IPC-weighted Kaplan–Meier survival curves for TTNT and OS by risk category (N = 1920). Kaplan–Meier estimated TTNT and OS by cohort and cumulative number of high-risk factors using IPC-weighted cloning method. IPC-weighted TTNT in a patients who received maintenance therapy and b patients who were treated with active surveillance. IPC-weighted OS in c patients who received maintenance therapy and d patients who were treated with active surveillance. Patients who did not undergo debulking surgery were assumed to have visible residual disease. IPC, inverse probability of censoring; OS, overall survival; TTNT, time to next treatment
Patients Eligible for First-Line PARP Inhibitor Maintenance Therapy
Because first-line PARP inhibitor maintenance therapy is recommended for patients with advanced ovarian cancer who had a complete or partial response to chemotherapy, outcomes were also evaluated in the 1251 patients who were considered eligible for first-line PARP inhibitor maintenance therapy. Within this subpopulation, 323 (25.8%) patients received first-line maintenance therapy and 928 (74.2%) of patients were treated with active surveillance prior to cloning and IPC weights. Demographic and clinical characteristics in this subpopulation were generally similar to the overall population (Table S1 in the supplementary material). Similar to the overall population, the IPC-weighted median durations of TTNT and OS were longer in the maintenance therapy cohort than in the active surveillance cohort in patients who were considered eligible for first-line PARP inhibitor maintenance therapy (Table S2 in the supplementary material). The trends for shorter IPC-weighted median TTNT and OS among patients with more high-risk factors were also observed in PARP inhibitor eligible patients in both cohorts (Table S2).
Discussion
In this retrospective analysis of real-world patients with stage III or IV ovarian cancer at diagnosis who received first-line therapy, almost all patients (ca. 96%) had at least one high-risk factor for disease progression or death. The individual high-risk factors for disease progression or death of stage IV disease at diagnosis, BRCAwt or unknown BRCA status, IDS, and visible residual disease, are well known, and have been studied using both clinical trial and real-world data [2, 16,17,18, 20, 21]. Patients with advanced ovarian cancer are generally considered at high risk for disease progression or death, with a 5-year survival rate of patients with distant disease at diagnosis of approximately 30% [2]. Interestingly, the percentage of patients with high-risk factors was similar across the maintenance therapy and active surveillance cohorts. Because most patients (77.8%) in this study did not receive maintenance therapy, this suggests that in clinical practice a high percentage of patients who were at risk for recurrence did not receive maintenance therapy.

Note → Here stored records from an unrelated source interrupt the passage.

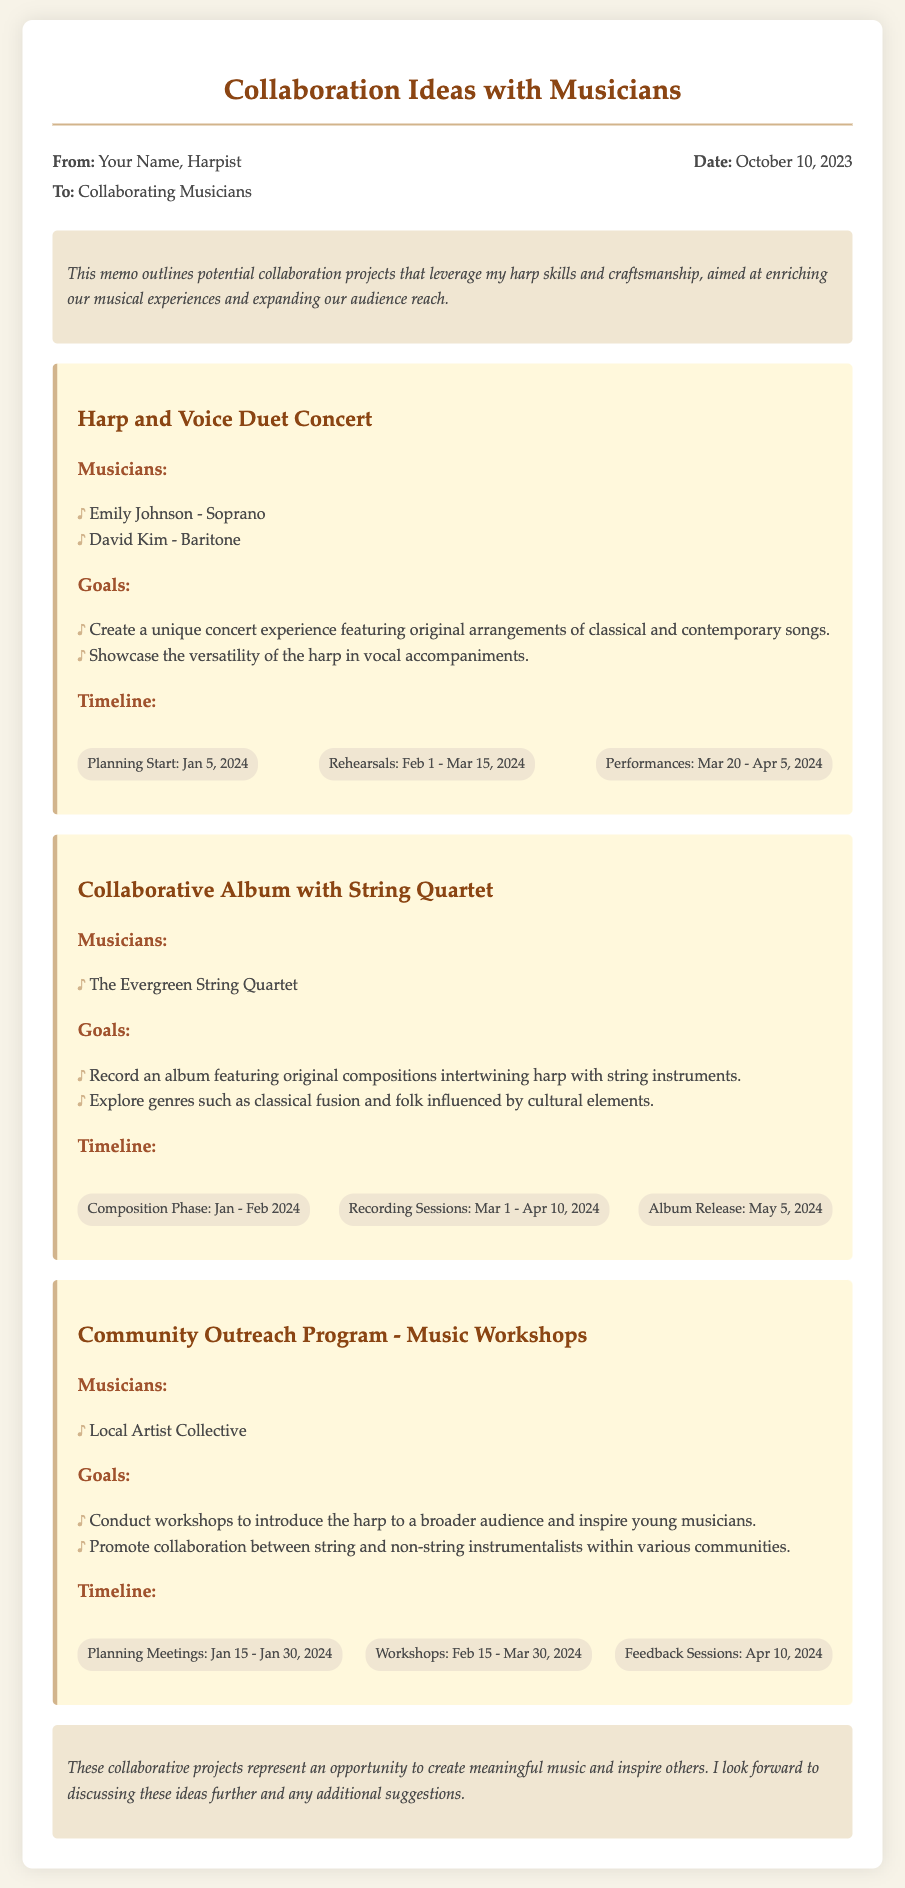What is the date of the memo? The date of the memo is listed in the memo header section, which is October 10, 2023.
Answer: October 10, 2023 Who are the musicians involved in the Harp and Voice Duet Concert? The musicians involved are cited under the project section specifically for that concert, which includes Emily Johnson and David Kim.
Answer: Emily Johnson - Soprano, David Kim - Baritone What is the goal of the Community Outreach Program? The goal is mentioned in the project section and requires understanding the intended outcomes of the workshops.
Answer: Conduct workshops to introduce the harp to a broader audience and inspire young musicians What are the timelines for the Collaborative Album with String Quartet? The timelines are broken down in the project section under the Collaborative Album project, highlighting different phases.
Answer: Composition Phase: Jan - Feb 2024, Recording Sessions: Mar 1 - Apr 10, 2024, Album Release: May 5, 2024 When do rehearsals start for the Harp and Voice Duet Concert? The rehearsals timeframe is specifically indicated in the timeline of the Harp and Voice Duet Concert project.
Answer: Feb 1 - Mar 15, 2024 Who is the local artist collective collaborating on the Community Outreach Program? The local artist collective is mentioned in the project section of the Community Outreach Program.
Answer: Local Artist Collective What type of music is being recorded for the Collaborative Album? The type of music is indicated in the goals of the project and focuses on the combination of genres.
Answer: Original compositions intertwining harp with string instruments How long is the feedback session scheduled for the Community Outreach Program? The duration of the feedback session is noted in the timeline, which specifies the date it will occur.
Answer: Apr 10, 2024 
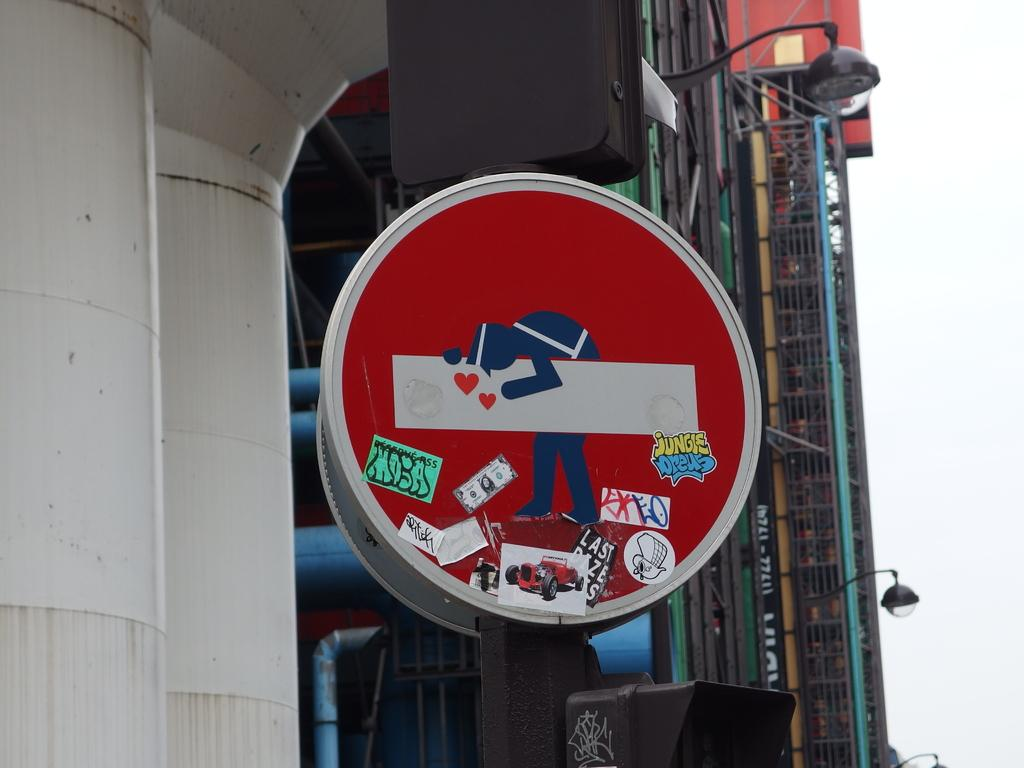<image>
Provide a brief description of the given image. a sign that has a 1 dollar mark on it 
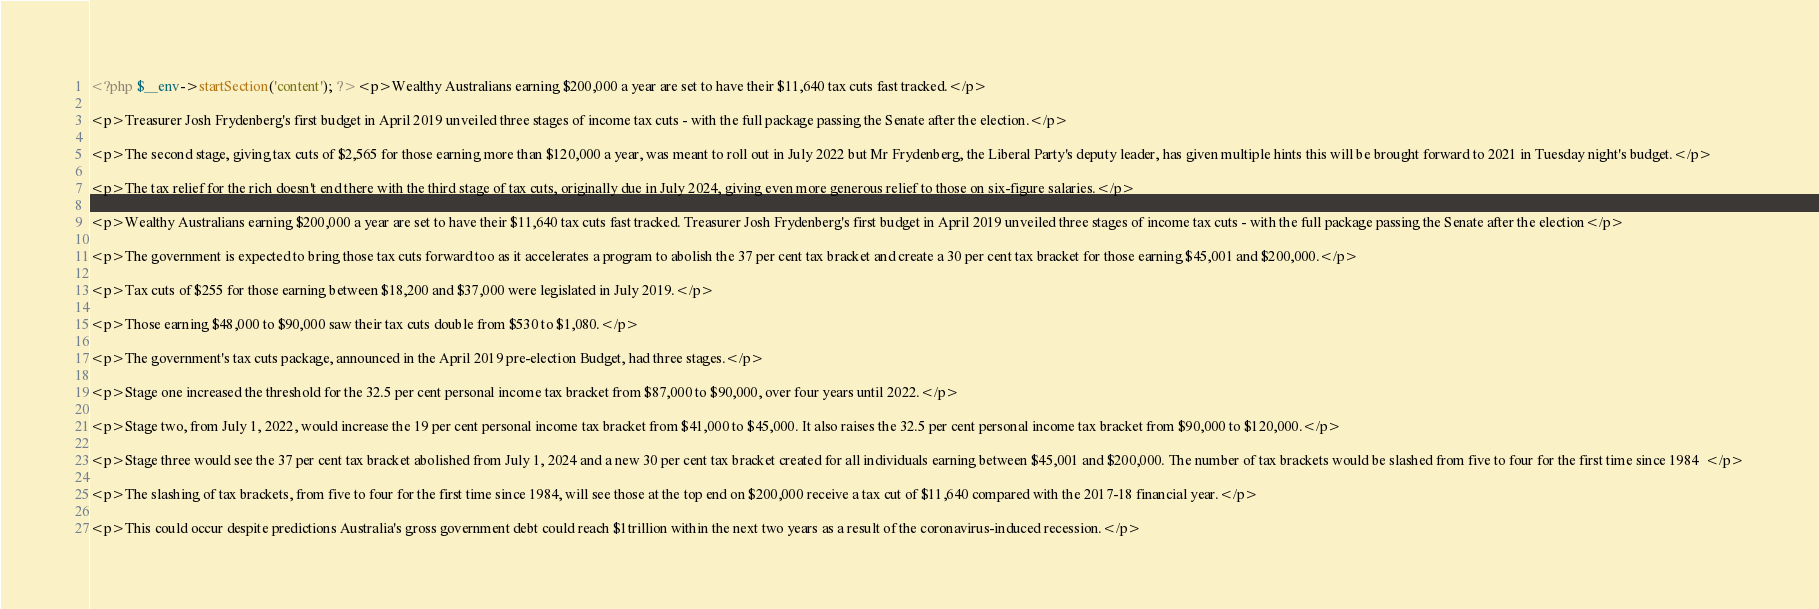<code> <loc_0><loc_0><loc_500><loc_500><_PHP_><?php $__env->startSection('content'); ?><p>Wealthy Australians earning $200,000 a year are set to have their $11,640 tax cuts fast tracked.</p>

<p>Treasurer Josh Frydenberg's first budget in April 2019 unveiled three stages of income tax cuts - with the full package passing the Senate after the election.</p>

<p>The second stage, giving tax cuts of $2,565 for those earning more than $120,000 a year, was meant to roll out in July 2022 but Mr Frydenberg, the Liberal Party's deputy leader, has given multiple hints this will be brought forward to 2021 in Tuesday night's budget.</p>

<p>The tax relief for the rich doesn't end there with the third stage of tax cuts, originally due in July 2024, giving even more generous relief to those on six-figure salaries.</p>

<p>Wealthy Australians earning $200,000 a year are set to have their $11,640 tax cuts fast tracked. Treasurer Josh Frydenberg's first budget in April 2019 unveiled three stages of income tax cuts - with the full package passing the Senate after the election</p>

<p>The government is expected to bring those tax cuts forward too as it accelerates a program to abolish the 37 per cent tax bracket and create a 30 per cent tax bracket for those earning $45,001 and $200,000.</p>

<p>Tax cuts of $255 for those earning between $18,200 and $37,000 were legislated in July 2019.</p>

<p>Those earning $48,000 to $90,000 saw their tax cuts double from $530 to $1,080.</p>

<p>The government's tax cuts package, announced in the April 2019 pre-election Budget, had three stages.</p>

<p>Stage one increased the threshold for the 32.5 per cent personal income tax bracket from $87,000 to $90,000, over four years until 2022.</p>

<p>Stage two, from July 1, 2022, would increase the 19 per cent personal income tax bracket from $41,000 to $45,000. It also raises the 32.5 per cent personal income tax bracket from $90,000 to $120,000.</p>

<p>Stage three would see the 37 per cent tax bracket abolished from July 1, 2024 and a new 30 per cent tax bracket created for all individuals earning between $45,001 and $200,000. The number of tax brackets would be slashed from five to four for the first time since 1984  </p>

<p>The slashing of tax brackets, from five to four for the first time since 1984, will see those at the top end on $200,000 receive a tax cut of $11,640 compared with the 2017-18 financial year.</p>

<p>This could occur despite predictions Australia's gross government debt could reach $1trillion within the next two years as a result of the coronavirus-induced recession.</p>
</code> 
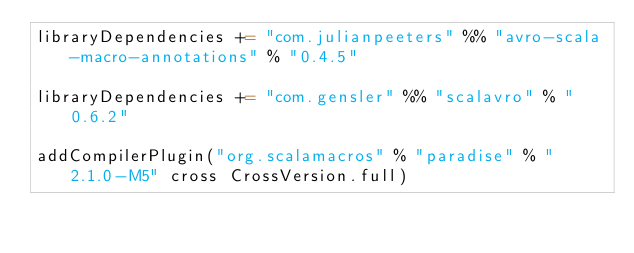Convert code to text. <code><loc_0><loc_0><loc_500><loc_500><_Scala_>libraryDependencies += "com.julianpeeters" %% "avro-scala-macro-annotations" % "0.4.5"

libraryDependencies += "com.gensler" %% "scalavro" % "0.6.2"

addCompilerPlugin("org.scalamacros" % "paradise" % "2.1.0-M5" cross CrossVersion.full)
</code> 
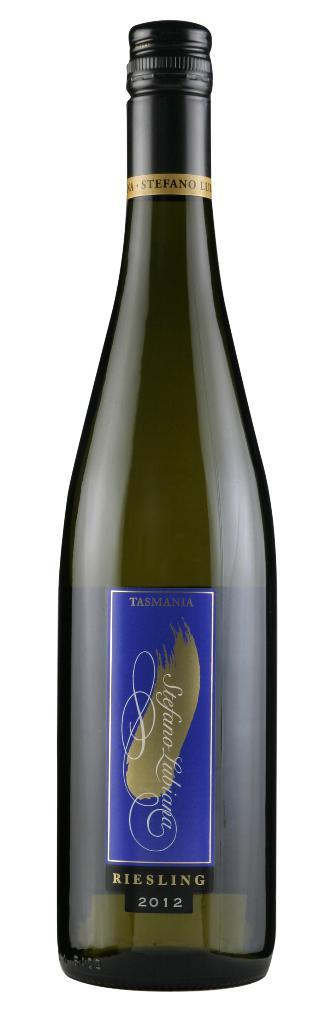<image>
Describe the image concisely. There's nothing like an unopened bottle of Riesling 2012. 
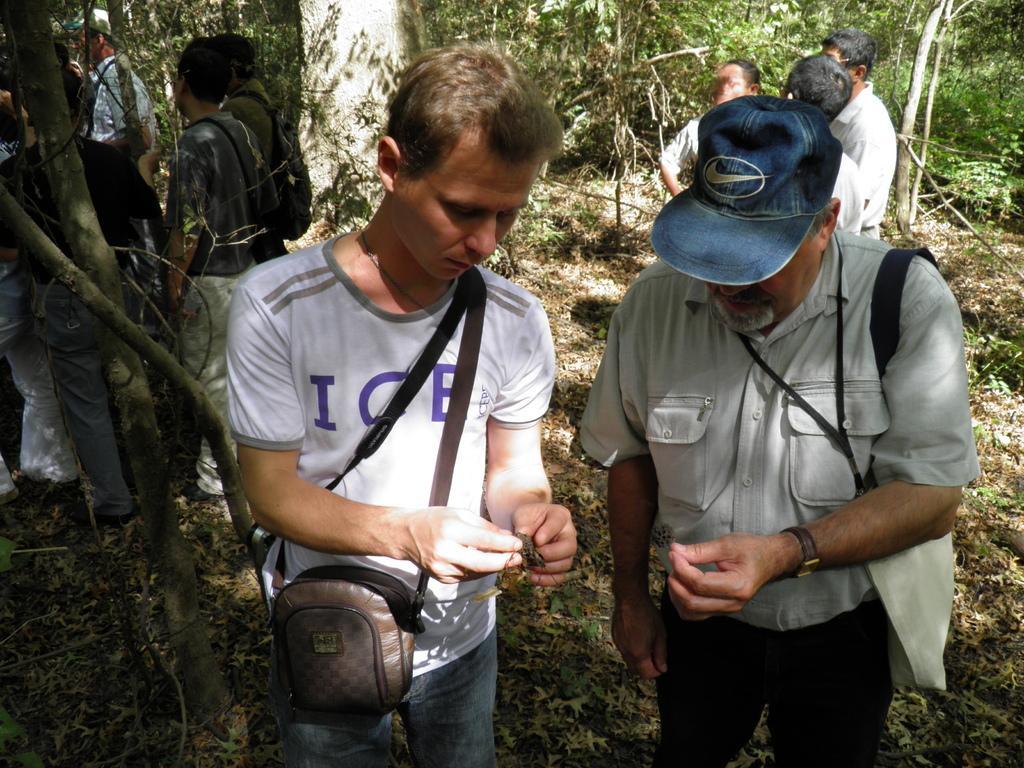In one or two sentences, can you explain what this image depicts? In this image I see number of people in which these 2 men are holding things in their hands and I see that they're carrying bags and I see that this man is wearing a blue color cap on his head and I see the ground on which there are leaves and in the background I see number of trees. 
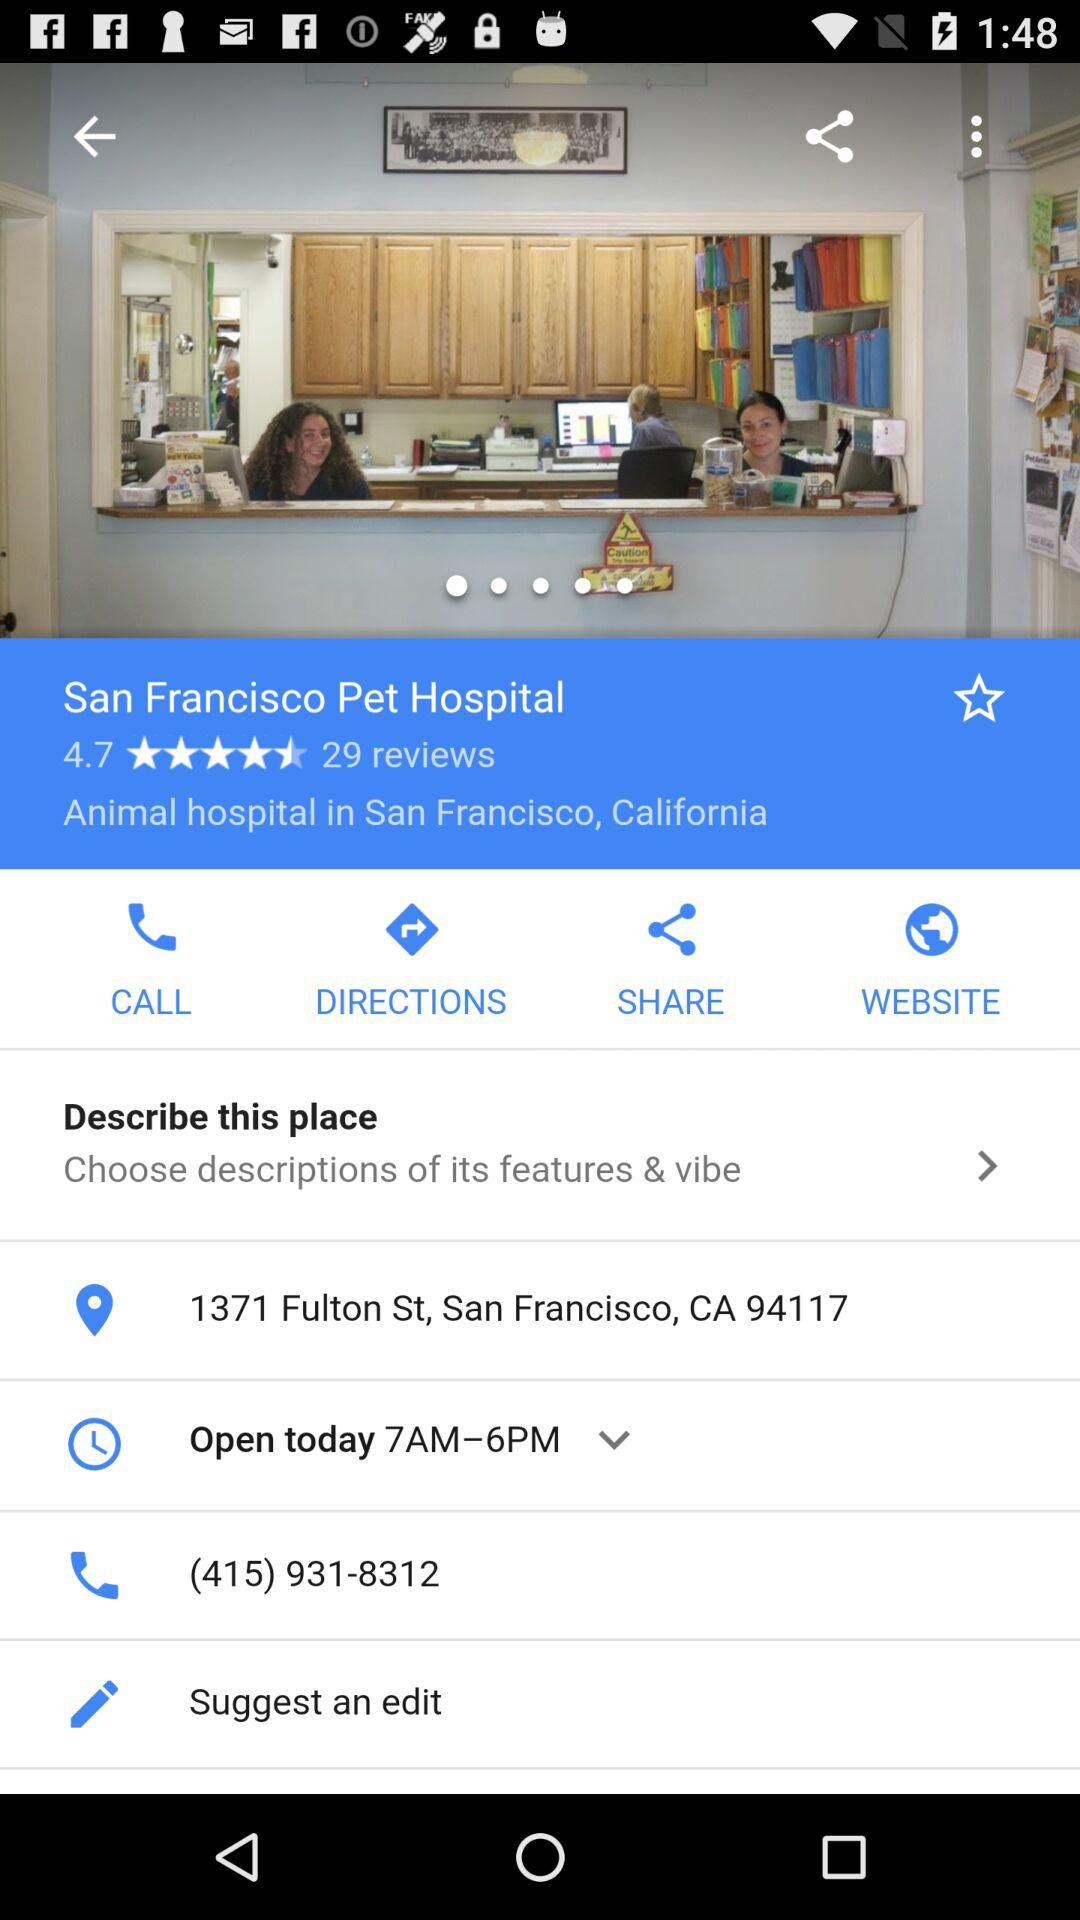What is the phone number? The phone number is (415) 931-8312. 
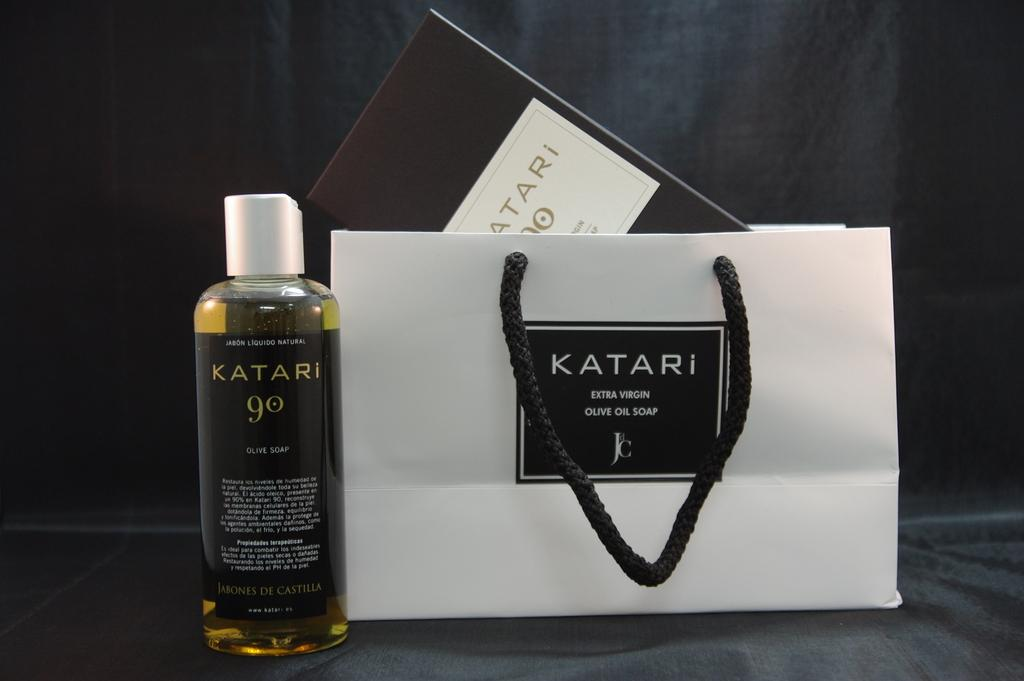<image>
Write a terse but informative summary of the picture. A gift bag from Katari ExtraVirgin Olive Oil Soap with a bottle of the product next to it.

Additionally, the study results also showed that patients who received maintenance therapy had both longer IPC-weighted median TTNT and OS than those who received active surveillance. This result is consistent with those of the PRIMA/ENGOT-OV26 [22], OVARIO [23], SOLO-1 [24], and PAOLA-1/ENGOT-OV25 [25] clinical trials that demonstrated the benefit of PARP inhibitor monotherapy or PARP inhibitor plus bevacizumab first-line maintenance therapy in patients with advanced ovarian cancer. The observed difference in outcomes between patients receiving maintenance therapy and active surveillance was more pronounced in the TTNT than OS results.
Furthermore, the study found that across both cohorts, TTNT and OS outcomes were shorter among patients with more high-risk factors (stage IV disease at initial diagnosis; no surgery or treated with neoadjuvant therapy and IDS; had visible residual disease following surgery; and BRCAwt disease or unknown BRCA status). Importantly, the IPC-weighted median TTNT in patients in the maintenance therapy cohort was consistently longer than in patients in the active surveillance cohort regardless of the cumulative number of risk factors present. Even among patients with all four high-risk factors who had the shortest outcomes, the IPC-weighted median TTNT was longer among patients treated with maintenance therapy than in patients who received active surveillance. These data are generally consistent with findings from clinical trials showing that patients benefited from first-line maintenance therapy regardless of whether they were classified as being at a “low” or “high” risk for progression [26].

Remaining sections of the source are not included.